§ **Assignment**
Your task is to copy the stretch of lines in the records below that begins with the line containing "- bicyclist (900,827,1006,985)" and ends with the line containing "- car (1179,848,1203,865)", exactly as written, with nothing added.

§ **Source data**
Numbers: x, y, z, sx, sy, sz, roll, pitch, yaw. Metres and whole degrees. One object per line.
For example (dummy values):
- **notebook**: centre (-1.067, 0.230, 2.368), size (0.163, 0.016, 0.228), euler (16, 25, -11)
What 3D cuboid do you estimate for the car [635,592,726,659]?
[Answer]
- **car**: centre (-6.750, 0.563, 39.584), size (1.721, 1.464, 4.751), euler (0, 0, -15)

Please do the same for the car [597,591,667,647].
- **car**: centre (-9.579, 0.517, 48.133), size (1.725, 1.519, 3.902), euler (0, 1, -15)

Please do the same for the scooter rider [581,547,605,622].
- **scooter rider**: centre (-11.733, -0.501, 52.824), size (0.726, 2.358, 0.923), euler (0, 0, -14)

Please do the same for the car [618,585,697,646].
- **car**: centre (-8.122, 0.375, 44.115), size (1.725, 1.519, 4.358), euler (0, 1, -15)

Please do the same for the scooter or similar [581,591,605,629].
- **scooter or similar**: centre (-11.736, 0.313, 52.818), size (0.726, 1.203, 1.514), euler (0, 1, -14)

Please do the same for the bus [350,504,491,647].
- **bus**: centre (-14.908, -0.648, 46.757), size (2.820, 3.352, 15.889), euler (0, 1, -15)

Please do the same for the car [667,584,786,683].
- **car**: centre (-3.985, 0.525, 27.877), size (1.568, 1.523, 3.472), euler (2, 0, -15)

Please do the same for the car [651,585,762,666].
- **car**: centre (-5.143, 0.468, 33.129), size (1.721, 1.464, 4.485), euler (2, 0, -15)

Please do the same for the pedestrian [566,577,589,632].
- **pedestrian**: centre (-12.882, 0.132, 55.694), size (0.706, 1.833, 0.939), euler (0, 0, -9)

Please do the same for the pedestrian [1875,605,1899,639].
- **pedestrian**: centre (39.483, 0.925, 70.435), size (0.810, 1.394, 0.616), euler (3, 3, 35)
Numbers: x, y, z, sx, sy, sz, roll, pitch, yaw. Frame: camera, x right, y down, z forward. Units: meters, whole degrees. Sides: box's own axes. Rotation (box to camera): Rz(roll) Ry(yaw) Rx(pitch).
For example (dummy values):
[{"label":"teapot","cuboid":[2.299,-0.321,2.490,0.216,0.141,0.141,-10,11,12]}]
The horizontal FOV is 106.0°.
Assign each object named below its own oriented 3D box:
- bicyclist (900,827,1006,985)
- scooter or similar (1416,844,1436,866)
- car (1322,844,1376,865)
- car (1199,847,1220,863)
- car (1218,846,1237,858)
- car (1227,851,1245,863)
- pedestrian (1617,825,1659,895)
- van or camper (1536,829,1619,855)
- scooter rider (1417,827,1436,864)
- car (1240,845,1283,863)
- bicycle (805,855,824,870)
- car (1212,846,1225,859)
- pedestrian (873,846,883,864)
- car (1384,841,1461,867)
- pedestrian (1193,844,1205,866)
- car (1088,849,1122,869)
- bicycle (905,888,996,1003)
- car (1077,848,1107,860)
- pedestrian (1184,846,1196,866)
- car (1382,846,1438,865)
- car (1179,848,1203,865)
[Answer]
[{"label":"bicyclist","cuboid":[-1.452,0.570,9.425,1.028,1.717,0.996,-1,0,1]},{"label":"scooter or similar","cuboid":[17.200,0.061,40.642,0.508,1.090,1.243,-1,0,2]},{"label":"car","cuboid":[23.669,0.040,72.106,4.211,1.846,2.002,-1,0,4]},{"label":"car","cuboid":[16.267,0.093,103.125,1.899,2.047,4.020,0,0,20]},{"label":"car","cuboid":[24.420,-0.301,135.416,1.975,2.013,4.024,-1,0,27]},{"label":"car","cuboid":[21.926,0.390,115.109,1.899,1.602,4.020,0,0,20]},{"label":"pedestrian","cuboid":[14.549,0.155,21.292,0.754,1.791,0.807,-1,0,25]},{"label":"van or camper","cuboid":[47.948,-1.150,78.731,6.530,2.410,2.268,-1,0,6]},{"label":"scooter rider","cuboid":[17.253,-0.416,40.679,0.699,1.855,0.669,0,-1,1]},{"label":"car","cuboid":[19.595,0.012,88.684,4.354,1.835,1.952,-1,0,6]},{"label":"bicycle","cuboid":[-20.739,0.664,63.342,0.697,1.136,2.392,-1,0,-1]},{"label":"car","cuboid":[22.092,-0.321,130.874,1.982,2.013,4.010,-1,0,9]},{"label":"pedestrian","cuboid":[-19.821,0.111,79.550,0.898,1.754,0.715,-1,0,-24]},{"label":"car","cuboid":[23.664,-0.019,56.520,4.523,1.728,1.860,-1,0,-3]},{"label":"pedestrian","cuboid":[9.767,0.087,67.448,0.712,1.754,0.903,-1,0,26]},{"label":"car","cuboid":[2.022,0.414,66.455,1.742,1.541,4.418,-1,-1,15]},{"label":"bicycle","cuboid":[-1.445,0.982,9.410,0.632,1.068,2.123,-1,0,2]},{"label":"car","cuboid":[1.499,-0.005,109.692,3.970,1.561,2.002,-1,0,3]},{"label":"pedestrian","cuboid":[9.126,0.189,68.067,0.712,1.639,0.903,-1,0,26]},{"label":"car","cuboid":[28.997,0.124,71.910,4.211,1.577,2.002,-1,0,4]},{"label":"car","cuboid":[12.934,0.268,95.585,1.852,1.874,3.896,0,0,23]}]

§ **Answer space**
- bicyclist (900,827,1006,985)
- scooter or similar (1416,844,1436,866)
- car (1322,844,1376,865)
- car (1199,847,1220,863)
- car (1218,846,1237,858)
- car (1227,851,1245,863)
- pedestrian (1617,825,1659,895)
- van or camper (1536,829,1619,855)
- scooter rider (1417,827,1436,864)
- car (1240,845,1283,863)
- bicycle (805,855,824,870)
- car (1212,846,1225,859)
- pedestrian (873,846,883,864)
- car (1384,841,1461,867)
- pedestrian (1193,844,1205,866)
- car (1088,849,1122,869)
- bicycle (905,888,996,1003)
- car (1077,848,1107,860)
- pedestrian (1184,846,1196,866)
- car (1382,846,1438,865)
- car (1179,848,1203,865)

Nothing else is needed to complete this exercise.